Nesta semana, a Frente Parlamentar da Agropecuária (FPA) analisou a contraproposta apresentada pelo governo federal, elaborada na forma de uma Medida Provisória. No entanto, a avaliação da bancada ruralista foi de que o texto ainda está longe de atender às necessidades do setor. Persistem divergências sobre os critérios de enquadramento dos produtores, taxas de juros, prazos de carência, período de pagamento e, principalmente, sobre a abrangência da renegociação. Enquanto o governo pretende restringir o benefício aos produtores afetados por eventos climáticos, a FPA defende que também sejam contemplados aqueles que enfrentaram dificuldades decorrentes da elevação dos custos de produção, juros elevados e queda da rentabilidade nos últimos anos.

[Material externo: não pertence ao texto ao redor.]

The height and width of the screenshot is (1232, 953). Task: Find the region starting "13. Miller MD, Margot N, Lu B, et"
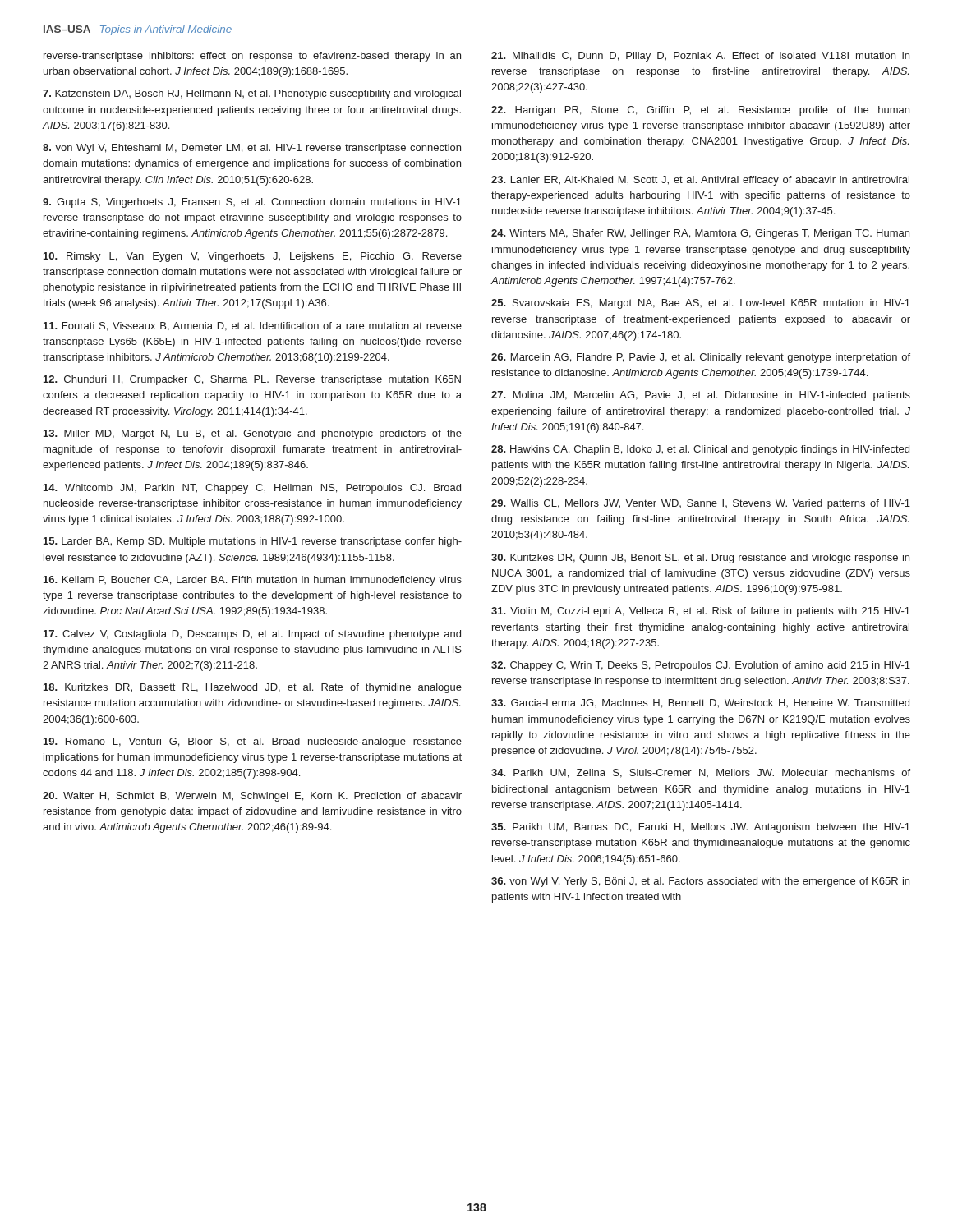[x=252, y=449]
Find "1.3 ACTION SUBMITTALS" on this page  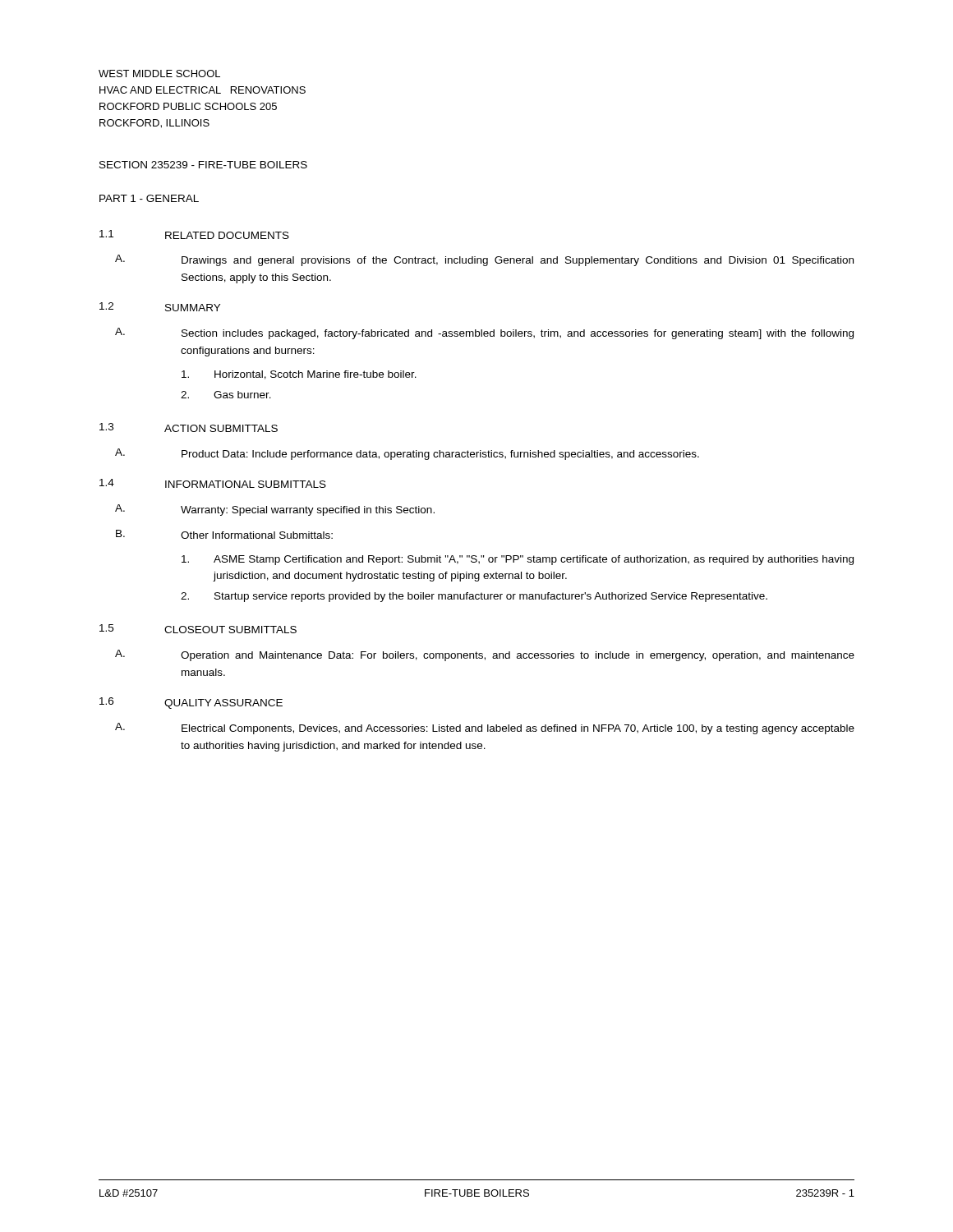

Deputado Pedro Lupion, presidente da FPA: questões consideradas cruciais ainda precisam ser discutidas, como o montante das operações, os critérios de enquadramento dos produtores e as condições dos juros e prazos.

O principal argumento do Ministério da Fazenda para resistir ao projeto é o impacto fiscal da proposta. A equipe econômica estima um custo de aproximadamente R$ 140 bilhões, valor contestado pela FPA, que sustenta que o programa teria custo significativamente menor e poderia ser executado de forma gradual.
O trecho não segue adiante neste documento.